Topk Alimentare specialists recommend the hood dishwasher for use in restaurants and fast food restaurants where the need for clean dishes is between 600 and 1200 plates per hour. These washing machines are easier to use, the loading is done at the level of the hands and there is no need for the person operating the machine to bend down. Due to the stop and load function during washing, rinsed dishes can be added after the washing program has been started, increasing its number and washing speed. Although these washing machines are dedicated to spaces with a more sustained flow of dish hygiene, very short cycles of up to 3 minutes recommend their use in fast food and crowded restaurants. In these washing machines you can insert dishes of different materials and shapes, managing to save you the time of sorting the dishes by categories. They use smart water, electricity and detergent programs. The water used for rinsing is heated, for example, through pipes that "recover" from the heat released by the engine, saving up to 35% of energy consumption

3. Dishwasher with tunnel type belt

For an increased volume of between 1500 and 2300 plates per hour, Topk   Alimentare specialists recommend a  tunnel type dishwasher . This represents the maximum efficiency being used in very crowded places: canteens, self-service restaurants (push-tray), catering or events. Time and organization are the strong points when you use the tunnel dishwasher, this allowing the arrangement of vessels of different sizes and shapes. The vessels in the shuttles go through different phases of pre-washing, washing, rinsing and drying, these operations being carried out simultaneously along the entire route of the tunnel, saving a lot of the time dedicated to their washing. The dishwasher with tunnel type is certainly the most productive of the machines presented, managing to sanitize a very large volume of dishes.

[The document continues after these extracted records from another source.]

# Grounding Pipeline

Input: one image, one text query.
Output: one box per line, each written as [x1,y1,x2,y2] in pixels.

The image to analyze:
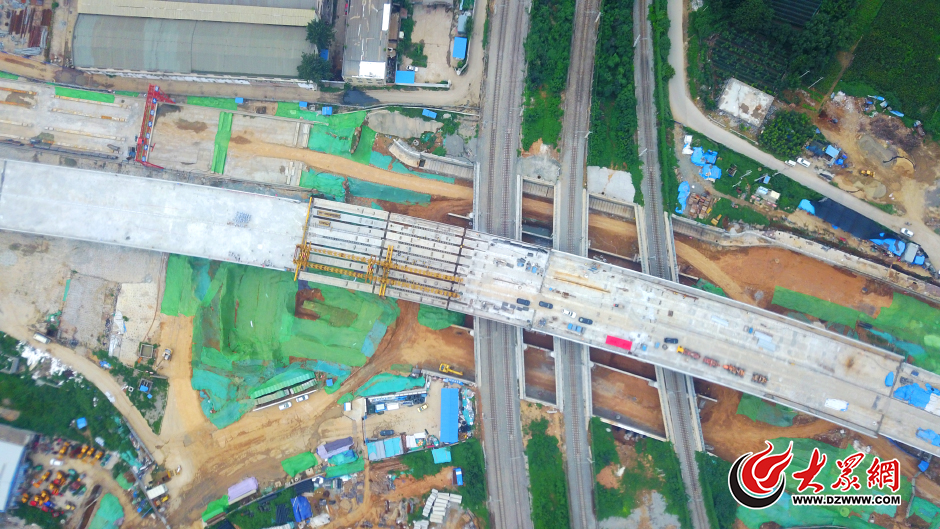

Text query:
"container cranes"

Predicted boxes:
[132,83,177,174]
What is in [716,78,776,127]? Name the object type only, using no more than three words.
house
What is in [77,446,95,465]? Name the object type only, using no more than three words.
work vehicle
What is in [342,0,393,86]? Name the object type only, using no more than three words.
building
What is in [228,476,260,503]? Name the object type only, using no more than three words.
shed
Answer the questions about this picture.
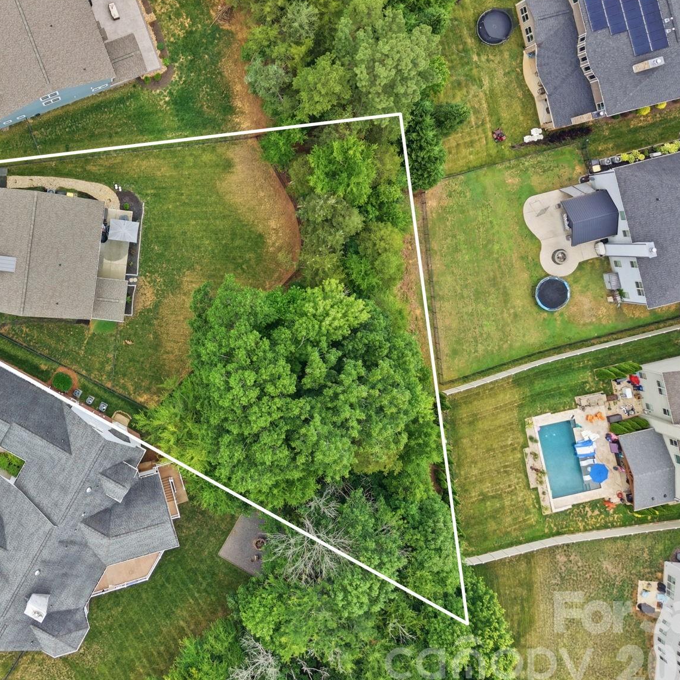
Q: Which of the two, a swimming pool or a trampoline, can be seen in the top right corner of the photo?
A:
trampoline
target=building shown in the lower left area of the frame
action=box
[0,361,190,658]
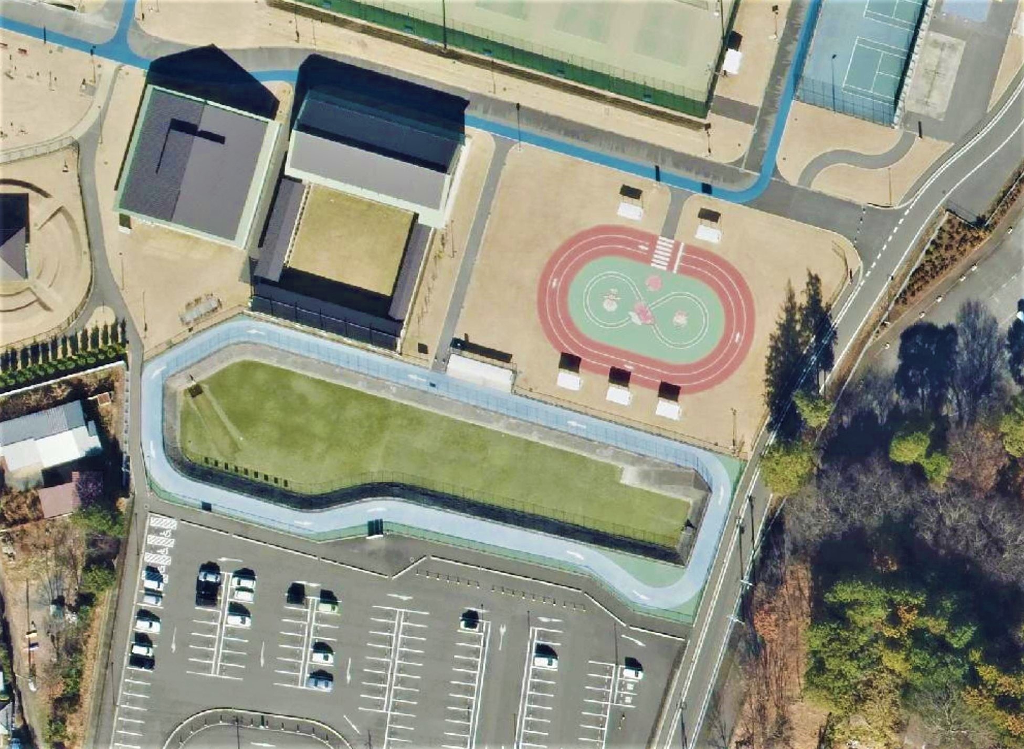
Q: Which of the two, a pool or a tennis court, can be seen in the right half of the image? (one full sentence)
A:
Visible in the right half of the image is a tennis court.
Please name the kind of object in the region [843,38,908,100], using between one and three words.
tennis court
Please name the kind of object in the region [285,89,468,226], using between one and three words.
building
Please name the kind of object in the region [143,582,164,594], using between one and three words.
vehicle
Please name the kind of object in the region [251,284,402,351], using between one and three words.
house
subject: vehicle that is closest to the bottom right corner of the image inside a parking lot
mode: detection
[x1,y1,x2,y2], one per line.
[623,670,644,682]
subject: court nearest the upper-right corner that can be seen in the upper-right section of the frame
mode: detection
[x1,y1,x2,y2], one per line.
[866,0,924,31]
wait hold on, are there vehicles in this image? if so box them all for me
[285,596,305,606]
[143,582,164,594]
[232,578,256,590]
[534,658,558,671]
[142,597,162,608]
[312,654,333,665]
[135,622,160,635]
[131,648,153,659]
[234,592,254,603]
[195,583,220,596]
[198,572,220,583]
[623,670,644,682]
[307,680,333,693]
[194,596,218,608]
[459,620,481,632]
[227,617,251,629]
[129,658,155,671]
[318,604,338,615]
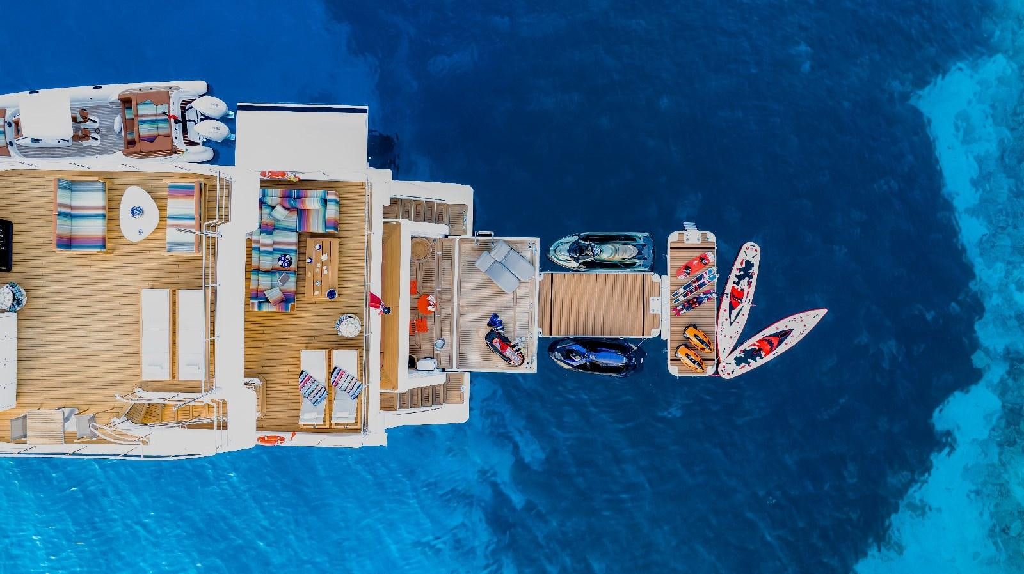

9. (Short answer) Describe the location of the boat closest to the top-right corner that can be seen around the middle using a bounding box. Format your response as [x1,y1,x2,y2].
[546,233,655,270]
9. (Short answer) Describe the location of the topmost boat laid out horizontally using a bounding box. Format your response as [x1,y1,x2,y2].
[0,79,237,163]
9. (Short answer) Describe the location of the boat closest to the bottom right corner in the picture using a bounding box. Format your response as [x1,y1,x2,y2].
[547,337,648,376]
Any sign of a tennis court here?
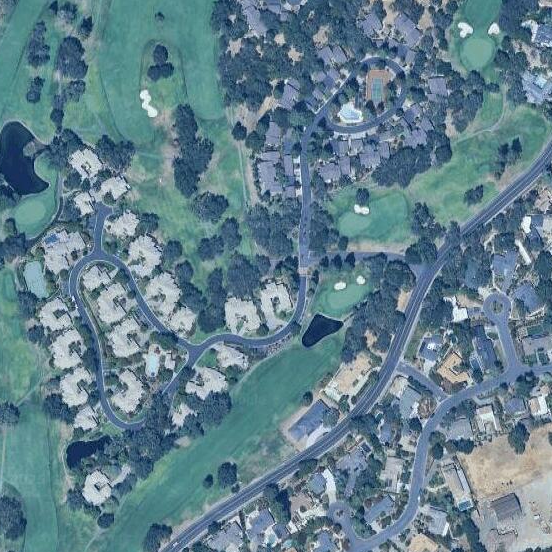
Yes
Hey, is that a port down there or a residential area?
residential area
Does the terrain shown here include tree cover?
Yes
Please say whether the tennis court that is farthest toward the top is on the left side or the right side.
right
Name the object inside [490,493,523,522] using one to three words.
barn
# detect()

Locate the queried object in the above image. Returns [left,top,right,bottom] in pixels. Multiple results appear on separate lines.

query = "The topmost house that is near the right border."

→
[534,23,552,45]
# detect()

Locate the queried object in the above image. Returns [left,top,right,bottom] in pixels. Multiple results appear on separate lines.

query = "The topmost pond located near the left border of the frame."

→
[0,121,49,197]
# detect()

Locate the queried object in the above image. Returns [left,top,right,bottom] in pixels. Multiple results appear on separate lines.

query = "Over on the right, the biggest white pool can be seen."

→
[339,103,362,123]
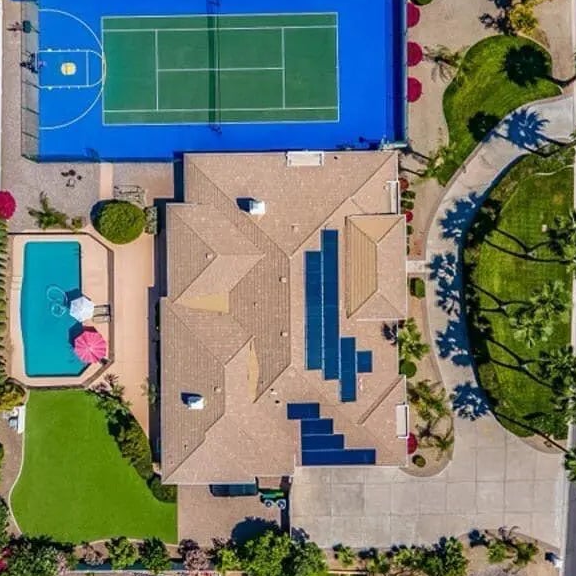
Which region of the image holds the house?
center
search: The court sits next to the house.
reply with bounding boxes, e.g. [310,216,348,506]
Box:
[39,0,402,161]
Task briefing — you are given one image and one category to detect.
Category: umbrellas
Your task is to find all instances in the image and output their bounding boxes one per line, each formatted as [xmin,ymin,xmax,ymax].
[75,330,107,362]
[70,297,94,322]
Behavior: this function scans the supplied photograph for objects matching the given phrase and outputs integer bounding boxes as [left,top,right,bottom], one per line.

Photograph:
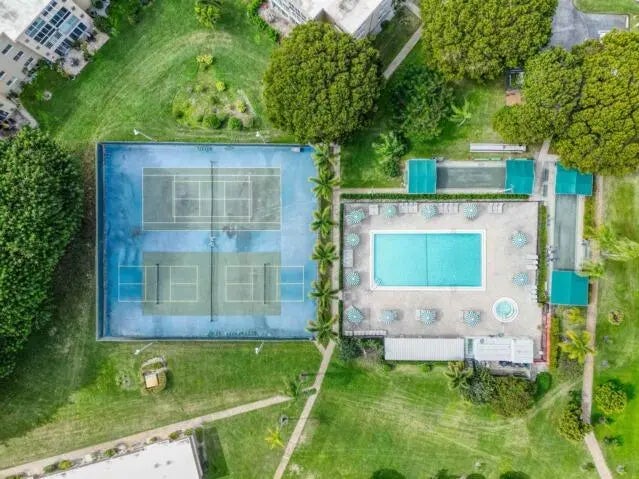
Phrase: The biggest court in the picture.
[104,145,318,339]
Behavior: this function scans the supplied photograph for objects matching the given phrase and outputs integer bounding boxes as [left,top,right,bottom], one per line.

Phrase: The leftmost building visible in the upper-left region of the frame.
[0,0,94,122]
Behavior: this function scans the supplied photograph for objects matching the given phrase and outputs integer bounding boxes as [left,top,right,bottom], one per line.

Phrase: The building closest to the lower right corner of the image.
[469,335,535,364]
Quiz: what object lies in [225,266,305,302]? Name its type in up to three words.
sports court
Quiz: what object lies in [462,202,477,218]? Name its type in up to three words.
umbrella
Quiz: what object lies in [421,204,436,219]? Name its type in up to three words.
umbrella
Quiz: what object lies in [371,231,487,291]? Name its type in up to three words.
swimming pool
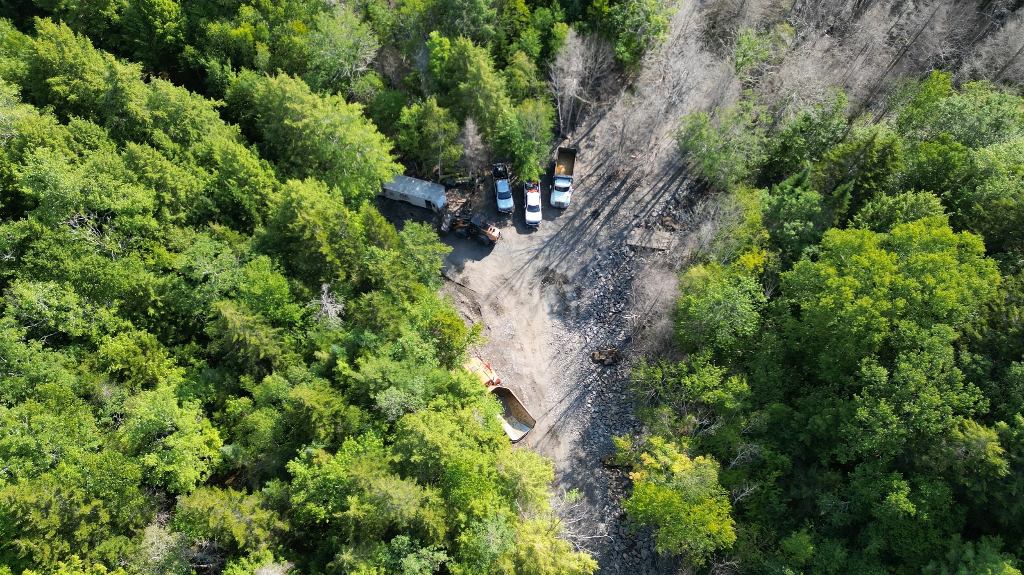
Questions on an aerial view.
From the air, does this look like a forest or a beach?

If you are already determined which dishwasher suits your business, you are probably wondering "where can I find the best value for money for the dishwasher I want?". At Topk Alimentaje Utilare our specialists are waiting for you in the showroom from Bd. Biruintei, no. 49 to guide you in making the right decision.

If you want to see the complete offer of dishwashers sold by Topk Utilaje Alimentare , access the "View products" button below.